Top of Working data
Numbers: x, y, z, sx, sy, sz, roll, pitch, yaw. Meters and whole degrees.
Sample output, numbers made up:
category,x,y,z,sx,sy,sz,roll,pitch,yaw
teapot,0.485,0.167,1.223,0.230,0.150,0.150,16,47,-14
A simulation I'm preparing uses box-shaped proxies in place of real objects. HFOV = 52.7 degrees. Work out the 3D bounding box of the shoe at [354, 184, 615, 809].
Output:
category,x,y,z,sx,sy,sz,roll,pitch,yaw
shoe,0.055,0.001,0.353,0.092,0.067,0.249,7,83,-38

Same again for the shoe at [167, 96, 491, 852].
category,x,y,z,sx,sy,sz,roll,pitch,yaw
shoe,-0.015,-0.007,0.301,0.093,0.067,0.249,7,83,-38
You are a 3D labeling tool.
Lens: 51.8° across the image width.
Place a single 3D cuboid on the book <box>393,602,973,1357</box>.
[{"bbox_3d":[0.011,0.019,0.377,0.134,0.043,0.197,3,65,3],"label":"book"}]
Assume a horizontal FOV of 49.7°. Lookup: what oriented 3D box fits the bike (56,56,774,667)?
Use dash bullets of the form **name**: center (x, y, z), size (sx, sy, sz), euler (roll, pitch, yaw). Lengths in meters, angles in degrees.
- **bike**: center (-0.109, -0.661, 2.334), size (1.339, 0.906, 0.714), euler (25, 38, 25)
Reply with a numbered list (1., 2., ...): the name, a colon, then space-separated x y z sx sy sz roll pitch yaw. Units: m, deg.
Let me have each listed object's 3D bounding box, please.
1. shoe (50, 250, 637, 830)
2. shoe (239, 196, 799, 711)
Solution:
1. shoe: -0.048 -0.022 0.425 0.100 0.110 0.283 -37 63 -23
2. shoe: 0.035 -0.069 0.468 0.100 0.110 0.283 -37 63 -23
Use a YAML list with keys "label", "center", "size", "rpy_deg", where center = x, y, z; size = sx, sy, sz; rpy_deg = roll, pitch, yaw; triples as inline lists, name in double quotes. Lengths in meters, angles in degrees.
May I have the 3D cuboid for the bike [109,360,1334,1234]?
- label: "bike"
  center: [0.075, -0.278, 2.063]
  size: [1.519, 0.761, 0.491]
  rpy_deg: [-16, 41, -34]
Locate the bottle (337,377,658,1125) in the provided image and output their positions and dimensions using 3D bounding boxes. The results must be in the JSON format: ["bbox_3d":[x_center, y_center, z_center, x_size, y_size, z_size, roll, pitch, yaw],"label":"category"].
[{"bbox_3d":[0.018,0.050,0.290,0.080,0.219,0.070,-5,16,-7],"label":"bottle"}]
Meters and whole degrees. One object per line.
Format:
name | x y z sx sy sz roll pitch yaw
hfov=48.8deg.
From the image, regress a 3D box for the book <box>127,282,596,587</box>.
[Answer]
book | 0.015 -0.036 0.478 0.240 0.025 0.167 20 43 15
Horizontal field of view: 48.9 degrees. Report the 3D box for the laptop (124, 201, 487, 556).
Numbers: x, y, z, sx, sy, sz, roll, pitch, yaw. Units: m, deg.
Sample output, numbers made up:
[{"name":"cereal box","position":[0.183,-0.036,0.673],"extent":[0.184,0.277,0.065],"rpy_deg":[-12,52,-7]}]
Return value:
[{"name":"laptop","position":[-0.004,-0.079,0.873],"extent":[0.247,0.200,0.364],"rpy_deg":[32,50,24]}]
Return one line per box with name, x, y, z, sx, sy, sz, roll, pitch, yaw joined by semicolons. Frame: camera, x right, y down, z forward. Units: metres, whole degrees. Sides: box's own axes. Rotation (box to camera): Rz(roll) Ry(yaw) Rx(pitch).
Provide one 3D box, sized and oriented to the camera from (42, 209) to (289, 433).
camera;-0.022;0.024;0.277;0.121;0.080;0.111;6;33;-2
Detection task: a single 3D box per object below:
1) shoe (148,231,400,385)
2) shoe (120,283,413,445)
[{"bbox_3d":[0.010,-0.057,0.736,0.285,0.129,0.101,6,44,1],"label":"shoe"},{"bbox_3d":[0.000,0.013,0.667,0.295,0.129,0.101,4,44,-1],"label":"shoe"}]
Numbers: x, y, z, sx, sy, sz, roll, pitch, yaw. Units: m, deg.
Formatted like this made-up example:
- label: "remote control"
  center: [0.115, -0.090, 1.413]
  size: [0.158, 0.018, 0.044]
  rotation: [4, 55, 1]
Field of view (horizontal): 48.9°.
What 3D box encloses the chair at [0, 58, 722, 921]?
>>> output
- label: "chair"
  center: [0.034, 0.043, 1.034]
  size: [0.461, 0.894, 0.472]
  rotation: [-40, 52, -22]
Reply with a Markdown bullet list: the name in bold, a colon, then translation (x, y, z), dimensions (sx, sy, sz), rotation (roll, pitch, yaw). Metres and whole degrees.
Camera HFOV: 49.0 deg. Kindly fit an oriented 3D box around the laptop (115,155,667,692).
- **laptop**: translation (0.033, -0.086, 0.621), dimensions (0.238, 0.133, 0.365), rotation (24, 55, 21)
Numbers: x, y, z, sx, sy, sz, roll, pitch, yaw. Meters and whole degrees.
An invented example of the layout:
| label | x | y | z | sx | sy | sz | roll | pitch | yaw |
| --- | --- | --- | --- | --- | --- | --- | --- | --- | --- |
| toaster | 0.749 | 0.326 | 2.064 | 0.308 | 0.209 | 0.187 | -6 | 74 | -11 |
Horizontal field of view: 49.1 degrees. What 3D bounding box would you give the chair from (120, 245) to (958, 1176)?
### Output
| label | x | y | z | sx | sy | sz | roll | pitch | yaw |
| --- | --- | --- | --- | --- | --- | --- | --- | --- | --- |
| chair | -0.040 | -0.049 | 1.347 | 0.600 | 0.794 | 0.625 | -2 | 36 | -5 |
Bottom of Working data
▶ [Exercise description]: Reproduce every line of the material exactly.

▶ [Solved exercise]:
Numbers: x, y, z, sx, sy, sz, roll, pitch, yaw. Meters and whole degrees.
Sample output, numbers made up:
category,x,y,z,sx,sy,sz,roll,pitch,yaw
teapot,0.485,0.167,1.223,0.230,0.150,0.150,16,47,-14
A simulation I'm preparing uses box-shaped proxies in place of real objects. HFOV = 52.7 degrees. Work out the 3D bounding box of the shoe at [354, 184, 615, 809].
Output:
category,x,y,z,sx,sy,sz,roll,pitch,yaw
shoe,0.055,0.001,0.353,0.092,0.067,0.249,7,83,-38

Same again for the shoe at [167, 96, 491, 852].
category,x,y,z,sx,sy,sz,roll,pitch,yaw
shoe,-0.015,-0.007,0.301,0.093,0.067,0.249,7,83,-38
You are a 3D labeling tool.
Lens: 51.8° across the image width.
Place a single 3D cuboid on the book <box>393,602,973,1357</box>.
[{"bbox_3d":[0.011,0.019,0.377,0.134,0.043,0.197,3,65,3],"label":"book"}]
Assume a horizontal FOV of 49.7°. Lookup: what oriented 3D box fits the bike (56,56,774,667)?
Use dash bullets of the form **name**: center (x, y, z), size (sx, sy, sz), euler (roll, pitch, yaw). Lengths in meters, angles in degrees.
- **bike**: center (-0.109, -0.661, 2.334), size (1.339, 0.906, 0.714), euler (25, 38, 25)
Reply with a numbered list (1., 2., ...): the name, a colon, then space-separated x y z sx sy sz roll pitch yaw. Units: m, deg.
Let me have each listed object's 3D bounding box, please.
1. shoe (50, 250, 637, 830)
2. shoe (239, 196, 799, 711)
Solution:
1. shoe: -0.048 -0.022 0.425 0.100 0.110 0.283 -37 63 -23
2. shoe: 0.035 -0.069 0.468 0.100 0.110 0.283 -37 63 -23
Use a YAML list with keys "label", "center", "size", "rpy_deg", where center = x, y, z; size = sx, sy, sz; rpy_deg = roll, pitch, yaw; triples as inline lists, name in double quotes. Lengths in meters, angles in degrees.
May I have the 3D cuboid for the bike [109,360,1334,1234]?
- label: "bike"
  center: [0.075, -0.278, 2.063]
  size: [1.519, 0.761, 0.491]
  rpy_deg: [-16, 41, -34]
Locate the bottle (337,377,658,1125) in the provided image and output their positions and dimensions using 3D bounding boxes. The results must be in the JSON format: ["bbox_3d":[x_center, y_center, z_center, x_size, y_size, z_size, roll, pitch, yaw],"label":"category"].
[{"bbox_3d":[0.018,0.050,0.290,0.080,0.219,0.070,-5,16,-7],"label":"bottle"}]
Meters and whole degrees. One object per line.
Format:
name | x y z sx sy sz roll pitch yaw
hfov=48.8deg.
From the image, regress a 3D box for the book <box>127,282,596,587</box>.
[Answer]
book | 0.015 -0.036 0.478 0.240 0.025 0.167 20 43 15
Horizontal field of view: 48.9 degrees. Report the 3D box for the laptop (124, 201, 487, 556).
Numbers: x, y, z, sx, sy, sz, roll, pitch, yaw. Units: m, deg.
Sample output, numbers made up:
[{"name":"cereal box","position":[0.183,-0.036,0.673],"extent":[0.184,0.277,0.065],"rpy_deg":[-12,52,-7]}]
Return value:
[{"name":"laptop","position":[-0.004,-0.079,0.873],"extent":[0.247,0.200,0.364],"rpy_deg":[32,50,24]}]
Return one line per box with name, x, y, z, sx, sy, sz, roll, pitch, yaw joined by semicolons. Frame: camera, x right, y down, z forward. Units: metres, whole degrees. Sides: box's own axes. Rotation (box to camera): Rz(roll) Ry(yaw) Rx(pitch).
Provide one 3D box, sized and oriented to the camera from (42, 209) to (289, 433).
camera;-0.022;0.024;0.277;0.121;0.080;0.111;6;33;-2
Detection task: a single 3D box per object below:
1) shoe (148,231,400,385)
2) shoe (120,283,413,445)
[{"bbox_3d":[0.010,-0.057,0.736,0.285,0.129,0.101,6,44,1],"label":"shoe"},{"bbox_3d":[0.000,0.013,0.667,0.295,0.129,0.101,4,44,-1],"label":"shoe"}]
Numbers: x, y, z, sx, sy, sz, roll, pitch, yaw. Units: m, deg.
Formatted like this made-up example:
- label: "remote control"
  center: [0.115, -0.090, 1.413]
  size: [0.158, 0.018, 0.044]
  rotation: [4, 55, 1]
Field of view (horizontal): 48.9°.
What 3D box encloses the chair at [0, 58, 722, 921]?
>>> output
- label: "chair"
  center: [0.034, 0.043, 1.034]
  size: [0.461, 0.894, 0.472]
  rotation: [-40, 52, -22]
Reply with a Markdown bullet list: the name in bold, a colon, then translation (x, y, z), dimensions (sx, sy, sz), rotation (roll, pitch, yaw). Metres and whole degrees.
Camera HFOV: 49.0 deg. Kindly fit an oriented 3D box around the laptop (115,155,667,692).
- **laptop**: translation (0.033, -0.086, 0.621), dimensions (0.238, 0.133, 0.365), rotation (24, 55, 21)
Numbers: x, y, z, sx, sy, sz, roll, pitch, yaw. Meters and whole degrees.
An invented example of the layout:
| label | x | y | z | sx | sy | sz | roll | pitch | yaw |
| --- | --- | --- | --- | --- | --- | --- | --- | --- | --- |
| toaster | 0.749 | 0.326 | 2.064 | 0.308 | 0.209 | 0.187 | -6 | 74 | -11 |
Horizontal field of view: 49.1 degrees. What 3D bounding box would you give the chair from (120, 245) to (958, 1176)?
### Output
| label | x | y | z | sx | sy | sz | roll | pitch | yaw |
| --- | --- | --- | --- | --- | --- | --- | --- | --- | --- |
| chair | -0.040 | -0.049 | 1.347 | 0.600 | 0.794 | 0.625 | -2 | 36 | -5 |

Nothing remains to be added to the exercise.